GORDON: What got me thinking about the subject was this picture, which popped up on a site Evan and I browse a few days ago:
GORDON: Now, yes, before the chorus of protest rises up- this kid could have some sort of debilitating spinal issue. It’s possible. It’s just not likely.
As Evan can confirm, I am a gambling man- if I were putting money on this picture, I’d be backing the theory that this kid can walk just fine.
EVAN: A gambling man living in Vegas, how do you cope?
GORDON: I don’t like bright lights or people; it keeps me out of the casinos.
I guess the question for the night is, can we call BS on stuff like this, and if so, when?
EVAN: See, I guess we first have to fine what “stuff like this” is referring to. Is it just for the obese who scoot around on four too-small wheels, or is it to any person who looks like they’d have trouble fitting through a subway turnstile?
GORDON: It’s be the latter, I guess.
EVAN: Just to be clear for people, we are not talking about girls [and some guys, too] who complain that they’re “so fat!” A little bit of padding around the midsection is not the subject of this talk, and neither are people who are ten pounds or so overweight.
We are talking about people who are actually obese. And I am going to provide a little bit of my opinion by stating that it all comes down to personal responsibility.
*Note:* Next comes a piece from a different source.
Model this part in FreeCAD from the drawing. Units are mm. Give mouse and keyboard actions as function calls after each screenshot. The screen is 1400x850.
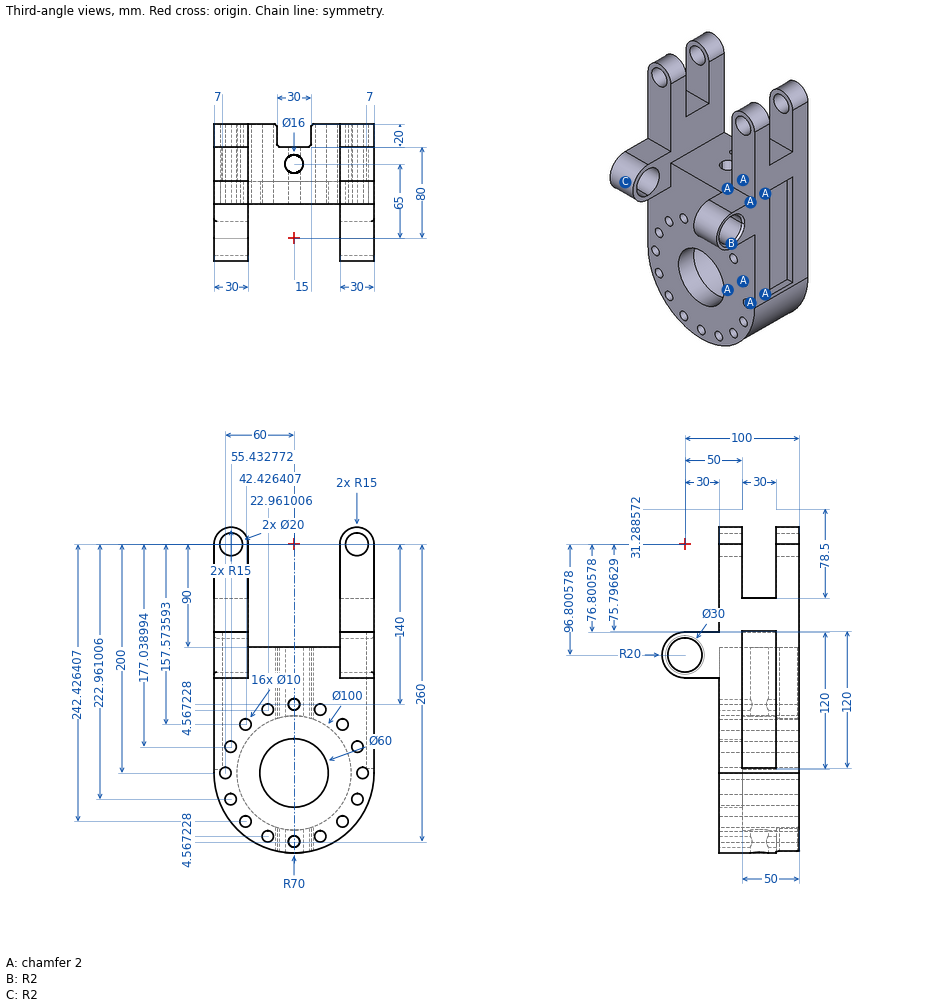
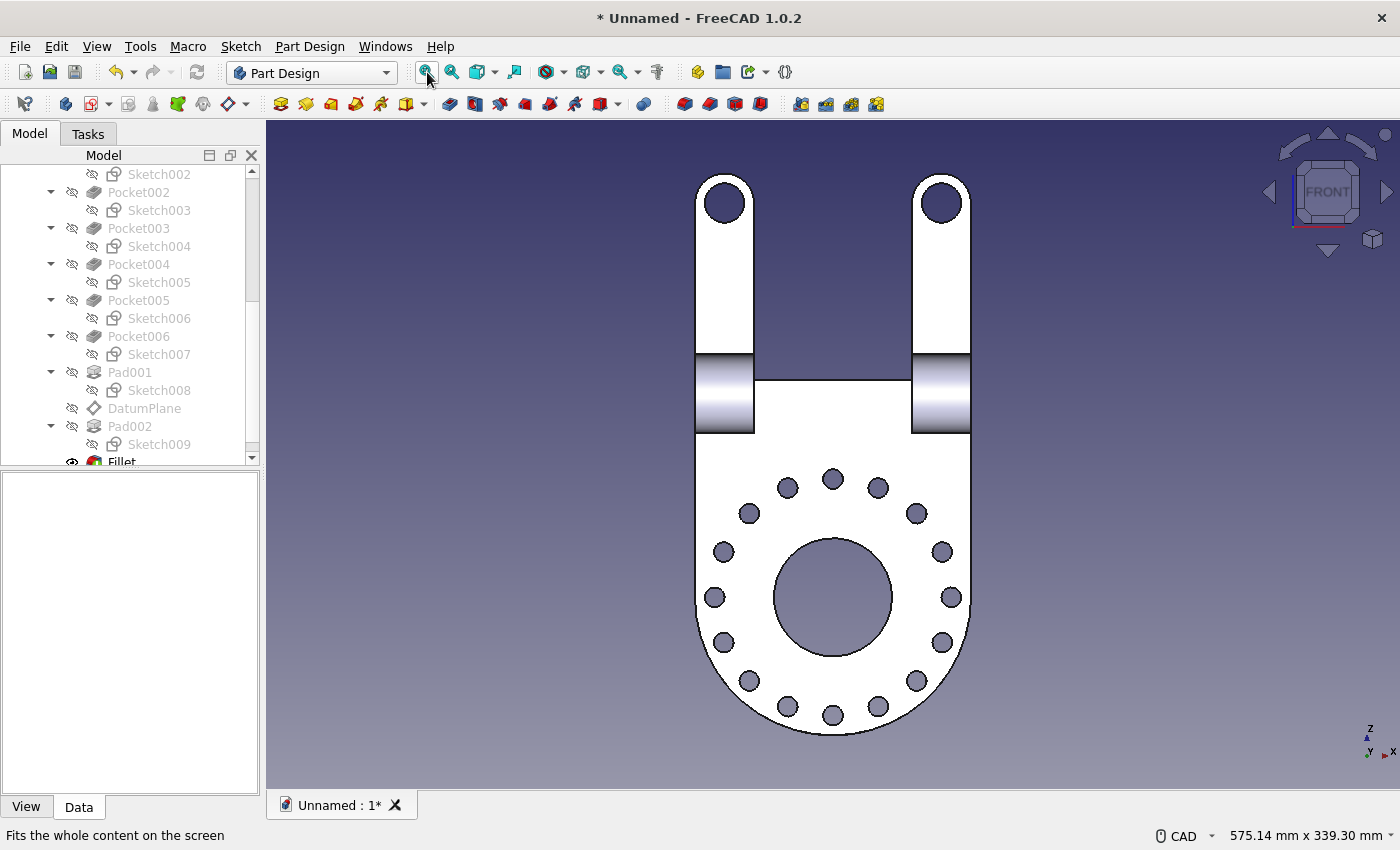
key(3)

Agree/disagree?
GORDON: Speaking as someone who has to endure commercials like this:
I don’t think it’s such a stretch to maintain that the idea that we’re responsible for what we put inside ourselves should apply as much to food as to tobacco smoke.
EVAN: I was going to chastise you for falling back on your tobacco argument again, but yes, fair point.
As someone that’s barely seen any of it, I feel like an episode of The Simpsons really helps illustrate what we’re talking about. Do you know the one?
GORDON: I presume you mean the one where Homer gets purposefully fat to the point where he’s qualified as a disabled and gets to work from home.
EVAN: That is exactly the one.
I do not personally think that being obese equals being disabled.
GORDON: Well, you can’t deny that it does severely limit what you can do.
EVAN: But should it count as a disability? I mean, I’m going to assume that most people paralyzed from the waist down aren’t that way because they just couldn’t stop running across heavily trafficked roads.
GORDON: Heh. No, I agree with you- it was something I was thinking about earlier. Yeah, you can take risks in life. Skateboarding carries with it the risk of injury. Obesity, however, does not simply hit one like a truck.
EVAN: How about moving away from disability towards discrimination. Surely you’ve heard about people complaining about how they’re treated on airlines-
GORDON: I believe a story just came out recently about especially large passengers being charged for their own body weight.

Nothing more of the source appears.